→ Task to complete
Would you find each line in the entries below with the string "bounding" and copy it?

[[ Supplied entries, beginning ]]

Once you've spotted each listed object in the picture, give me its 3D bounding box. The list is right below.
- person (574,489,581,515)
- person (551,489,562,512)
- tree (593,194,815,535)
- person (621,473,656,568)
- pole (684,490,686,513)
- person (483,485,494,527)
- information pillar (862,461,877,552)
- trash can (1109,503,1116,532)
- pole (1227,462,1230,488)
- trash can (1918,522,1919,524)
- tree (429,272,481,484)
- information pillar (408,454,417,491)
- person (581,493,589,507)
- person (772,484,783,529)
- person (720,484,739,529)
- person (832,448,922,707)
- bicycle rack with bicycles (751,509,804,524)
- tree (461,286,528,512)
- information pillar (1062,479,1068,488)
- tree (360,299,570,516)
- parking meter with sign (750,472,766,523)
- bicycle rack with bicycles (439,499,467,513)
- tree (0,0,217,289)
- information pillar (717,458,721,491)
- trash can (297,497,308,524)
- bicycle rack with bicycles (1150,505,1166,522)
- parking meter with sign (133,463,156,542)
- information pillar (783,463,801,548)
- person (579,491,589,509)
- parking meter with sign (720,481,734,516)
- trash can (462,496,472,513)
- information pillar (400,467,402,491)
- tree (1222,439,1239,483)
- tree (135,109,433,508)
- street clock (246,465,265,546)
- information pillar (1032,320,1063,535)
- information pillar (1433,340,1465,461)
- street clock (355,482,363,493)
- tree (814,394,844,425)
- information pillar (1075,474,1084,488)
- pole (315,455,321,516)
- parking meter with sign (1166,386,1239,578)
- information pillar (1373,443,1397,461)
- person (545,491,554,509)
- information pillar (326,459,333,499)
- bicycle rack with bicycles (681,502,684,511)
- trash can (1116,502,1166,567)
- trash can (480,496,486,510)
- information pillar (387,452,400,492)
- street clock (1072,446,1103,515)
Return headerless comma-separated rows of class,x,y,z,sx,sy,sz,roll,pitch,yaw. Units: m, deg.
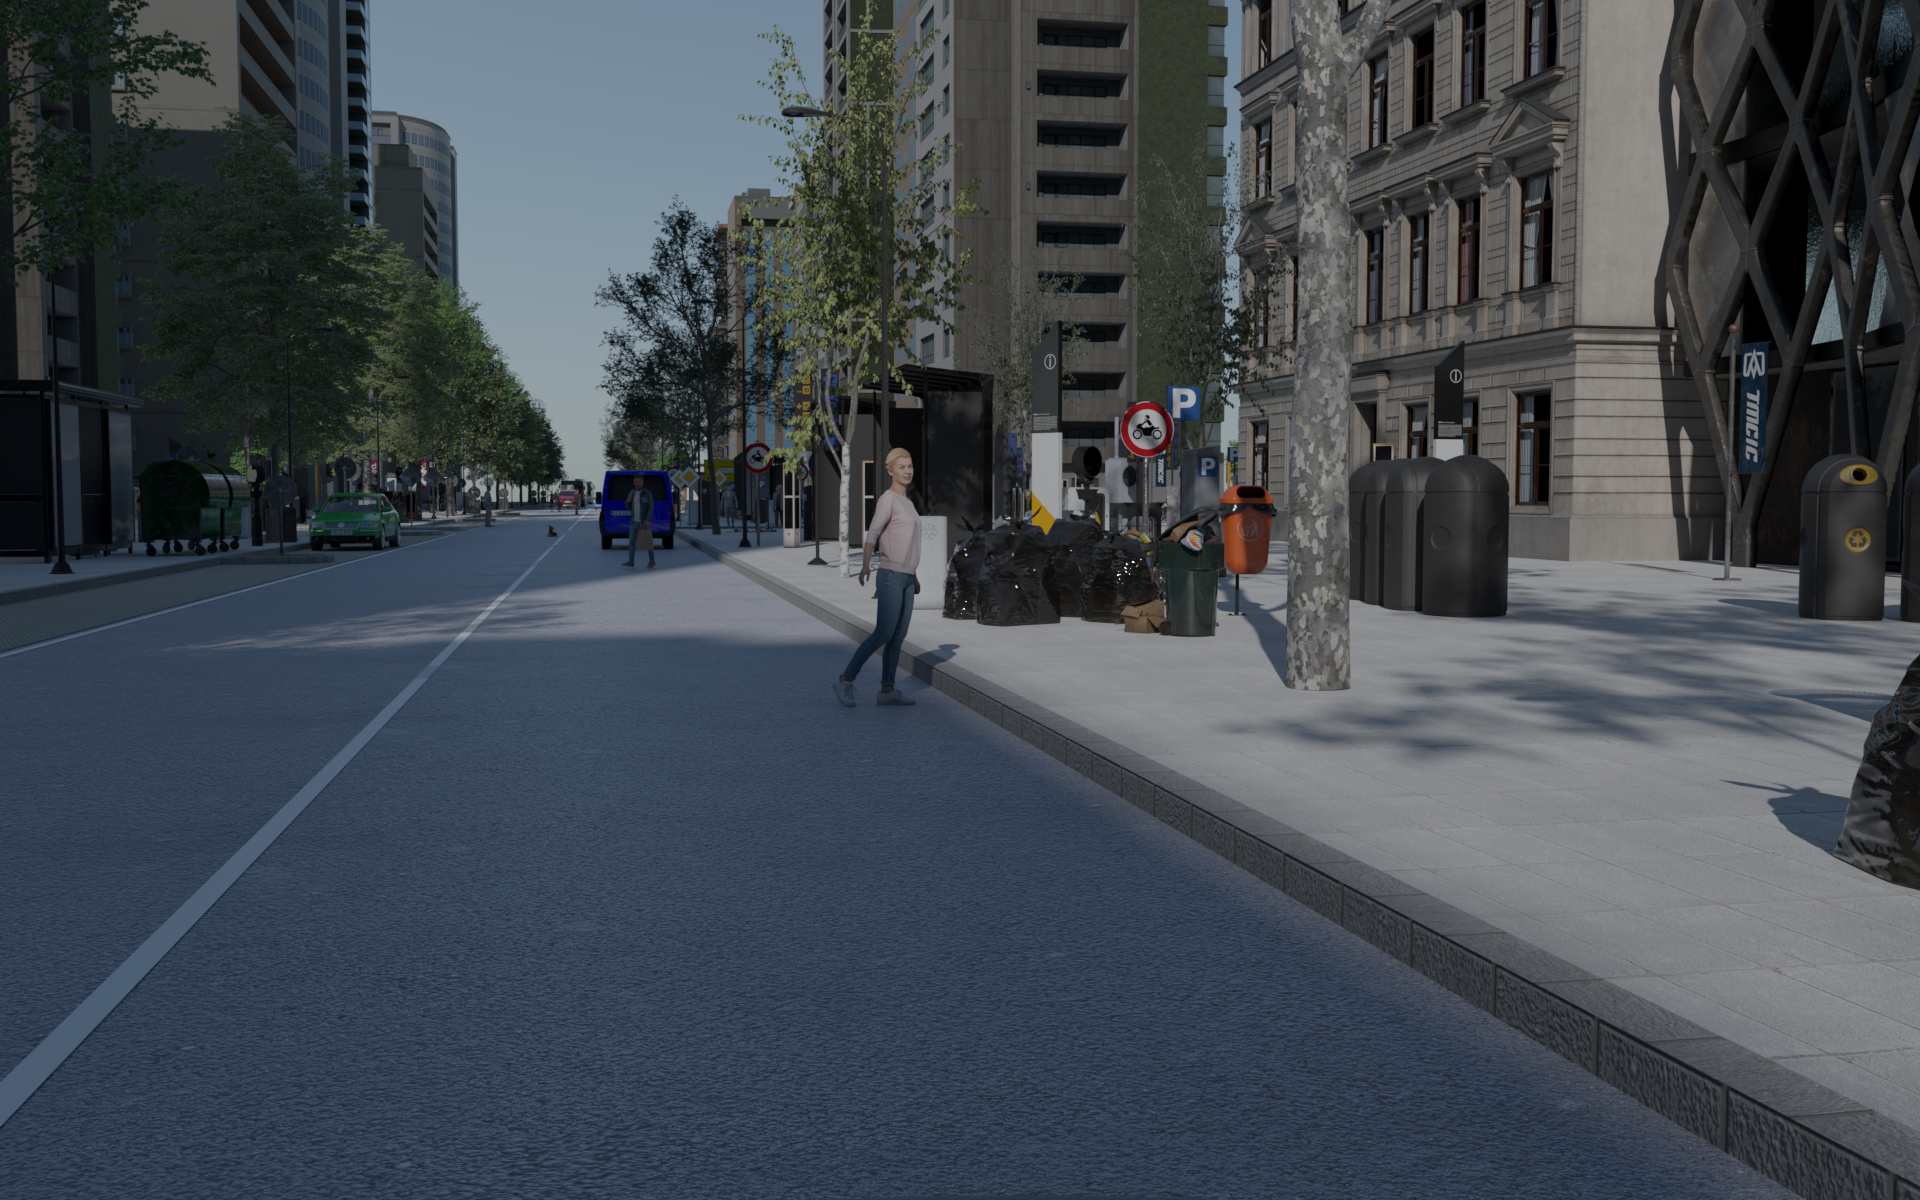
person,-26.780,-6.898,121.490,0.583,1.804,0.606,-3,5,-41
person,-32.367,-7.981,138.951,0.822,1.834,0.622,0,4,6
tree,-8.050,-7.347,54.535,7.601,10.594,8.767,0,4,-2
person,-6.120,-1.516,33.278,0.794,1.824,0.713,3,5,39
pole,-19.045,-7.733,120.285,0.158,3.312,0.155,0,3,0
person,-20.712,-4.123,76.017,0.391,1.810,0.635,-2,4,-25
information pillar,-2.011,-2.077,38.454,0.304,2.012,0.304,0,4,-7
trash can,4.734,-2.576,53.764,0.748,1.137,0.748,0,3,0
pole,12.909,-5.467,83.229,0.158,3.312,0.155,0,3,0
trash can,5.321,0.170,8.881,0.748,1.137,0.748,0,3,0
tree,-24.607,-9.465,72.882,7.486,12.596,7.792,0,3,0
information pillar,-28.153,-5.983,89.169,0.504,3.616,0.183,-1,4,-21
person,-41.904,-11.237,192.218,1.348,1.826,0.705,-1,4,-20
person,-6.769,-3.487,65.688,0.709,1.800,0.728,0,4,4
person,-9.028,-3.623,67.862,0.709,1.813,0.853,0,4,-8
person,-0.575,-0.154,11.690,0.598,1.740,0.731,0,4,7
bicycle rack with bicycles,-7.341,-3.735,74.450,2.925,0.926,2.852,0,4,2
tree,-25.647,-9.563,82.107,9.928,11.665,9.643,0,3,0
information pillar,5.218,-5.053,87.107,0.304,2.012,0.304,-1,4,-19
tree,-29.702,-11.214,100.349,9.611,12.733,9.660,0,3,0
parking meter with sign,-8.954,-4.940,77.022,0.543,3.016,1.738,-2,4,-30
bicycle rack with bicycles,-35.229,-6.567,120.747,2.852,0.926,2.925,0,4,5
tree,-13.221,-5.831,21.086,9.928,11.665,9.643,0,3,0
information pillar,-15.805,-7.352,111.552,0.504,3.616,0.183,1,4,11
trash can,-28.609,-3.869,74.912,0.748,1.137,0.748,0,3,0
bicycle rack with bicycles,9.509,-4.185,81.802,2.925,0.926,2.852,3,5,41
parking meter with sign,-22.323,-3.037,45.922,1.738,3.016,0.543,-1,4,-8
information pillar,-3.999,-2.243,41.161,0.304,2.012,0.304,2,4,24
person,-35.838,-9.512,164.734,1.217,1.743,0.721,0,4,-3
parking meter with sign,-13.233,-6.320,99.586,0.543,3.016,1.738,-3,5,-43
trash can,-33.112,-6.414,116.525,0.748,1.137,0.748,0,3,0
information pillar,-42.969,-8.646,132.720,0.504,3.616,0.183,1,4,15
tree,14.548,-6.241,85.761,4.285,4.588,4.351,0,3,0
tree,-20.821,-8.205,52.286,7.486,12.596,7.792,0,3,0
street clock,-17.292,-2.324,42.562,0.471,2.002,0.358,3,4,36
information pillar,1.193,-1.967,23.522,0.504,3.616,0.183,3,5,44
information pillar,7.425,-2.138,26.313,0.504,3.616,0.183,-1,4,-19
street clock,-37.431,-6.320,107.895,0.358,2.002,0.471,2,4,28
tree,-8.772,-10.369,119.898,4.360,8.622,3.978,0,3,0
information pillar,3.773,-3.002,53.577,0.304,2.012,0.304,-3,5,-44
pole,-29.725,-5.279,80.148,0.158,3.312,0.155,0,3,0
parking meter with sign,3.778,-1.900,27.331,0.543,3.016,1.738,-1,4,-12
information pillar,6.196,-1.272,25.297,0.304,2.012,0.304,1,4,23
person,-38.453,-9.410,163.076,1.217,1.735,0.721,0,4,1
information pillar,-40.550,-7.347,111.478,0.183,3.616,0.504,2,4,28
bicycle rack with bicycles,-19.096,-6.750,123.738,2.852,0.926,2.925,1,4,23
trash can,3.258,-1.159,30.606,0.748,1.137,0.748,0,3,0
trash can,-37.344,-7.609,136.063,0.748,1.137,0.748,0,3,0
information pillar,-29.485,-6.026,89.874,0.504,3.616,0.183,1,4,8
street clock,1.915,-1.319,26.139,0.358,2.002,0.471,3,5,43
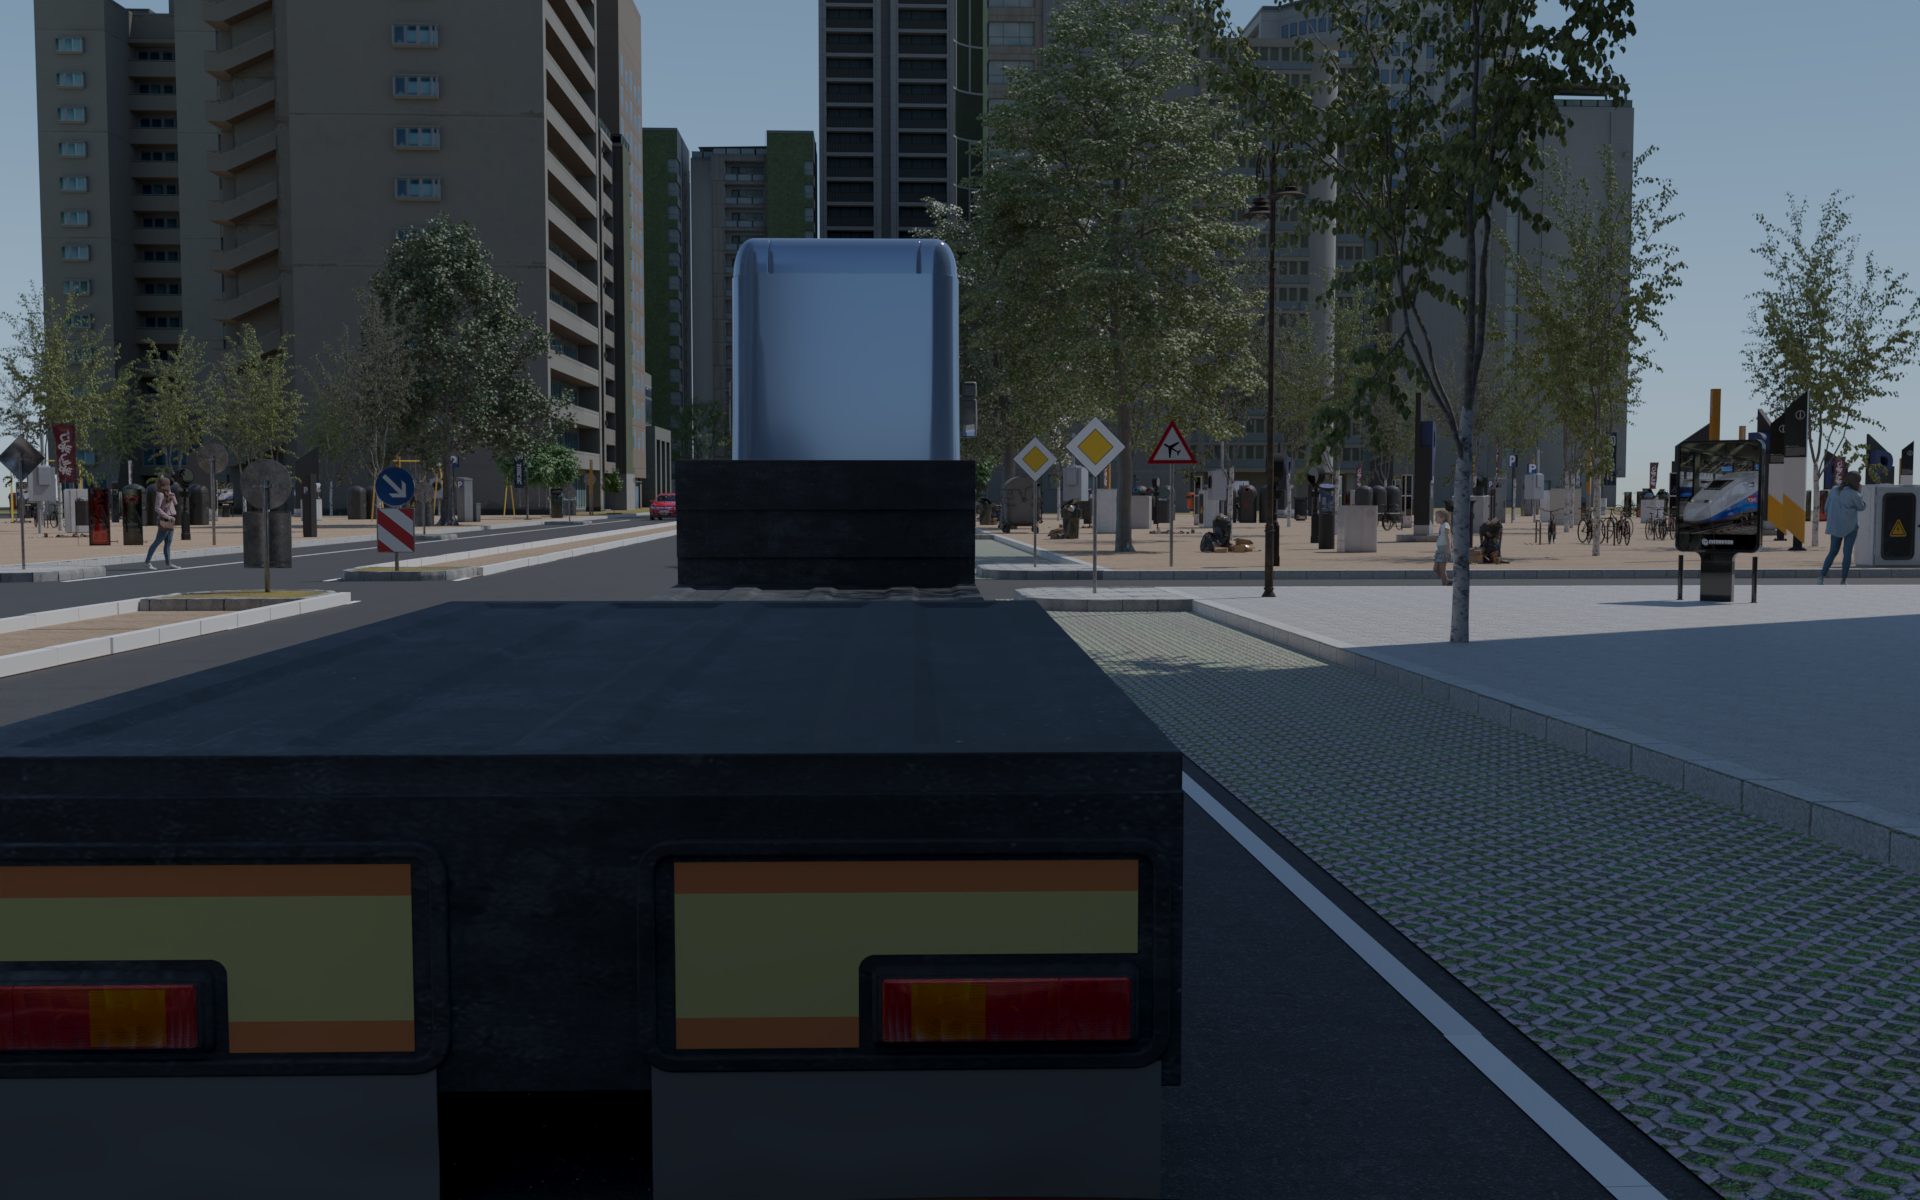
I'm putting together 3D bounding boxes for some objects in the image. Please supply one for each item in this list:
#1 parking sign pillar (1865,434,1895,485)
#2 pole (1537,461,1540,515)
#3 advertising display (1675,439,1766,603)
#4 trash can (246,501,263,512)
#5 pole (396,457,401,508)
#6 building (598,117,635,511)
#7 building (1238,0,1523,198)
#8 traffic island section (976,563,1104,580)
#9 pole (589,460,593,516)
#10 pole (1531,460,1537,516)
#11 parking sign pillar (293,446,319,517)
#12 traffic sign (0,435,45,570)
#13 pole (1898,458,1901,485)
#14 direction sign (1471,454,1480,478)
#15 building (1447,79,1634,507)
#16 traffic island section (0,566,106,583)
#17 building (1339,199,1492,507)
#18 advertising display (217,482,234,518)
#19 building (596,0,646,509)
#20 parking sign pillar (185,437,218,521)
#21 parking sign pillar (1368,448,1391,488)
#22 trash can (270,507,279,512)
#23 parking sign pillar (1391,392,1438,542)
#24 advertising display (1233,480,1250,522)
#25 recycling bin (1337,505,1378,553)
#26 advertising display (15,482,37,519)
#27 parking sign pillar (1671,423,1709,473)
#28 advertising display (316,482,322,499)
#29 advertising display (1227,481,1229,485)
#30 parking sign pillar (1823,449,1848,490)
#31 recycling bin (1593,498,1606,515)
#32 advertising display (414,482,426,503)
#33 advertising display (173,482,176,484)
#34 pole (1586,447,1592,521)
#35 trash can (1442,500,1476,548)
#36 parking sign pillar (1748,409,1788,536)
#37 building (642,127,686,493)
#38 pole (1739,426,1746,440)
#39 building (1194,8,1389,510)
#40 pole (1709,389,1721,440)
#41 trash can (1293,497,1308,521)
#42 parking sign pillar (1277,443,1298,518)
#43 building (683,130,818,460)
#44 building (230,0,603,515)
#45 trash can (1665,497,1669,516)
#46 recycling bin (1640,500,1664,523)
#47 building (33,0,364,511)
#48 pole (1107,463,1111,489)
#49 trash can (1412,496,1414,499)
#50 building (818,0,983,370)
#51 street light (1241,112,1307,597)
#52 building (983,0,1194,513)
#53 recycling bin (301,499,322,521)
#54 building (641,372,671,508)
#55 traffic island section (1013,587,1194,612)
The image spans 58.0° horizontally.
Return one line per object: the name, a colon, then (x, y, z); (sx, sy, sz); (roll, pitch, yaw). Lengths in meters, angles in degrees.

[[ Supplied entries, end ]]

→ Written response
Once you've spotted each listed object in the picture, give me its 3D bounding box. The list is right below.
I'm putting together 3D bounding boxes for some objects in the image. Please supply one for each item in this list:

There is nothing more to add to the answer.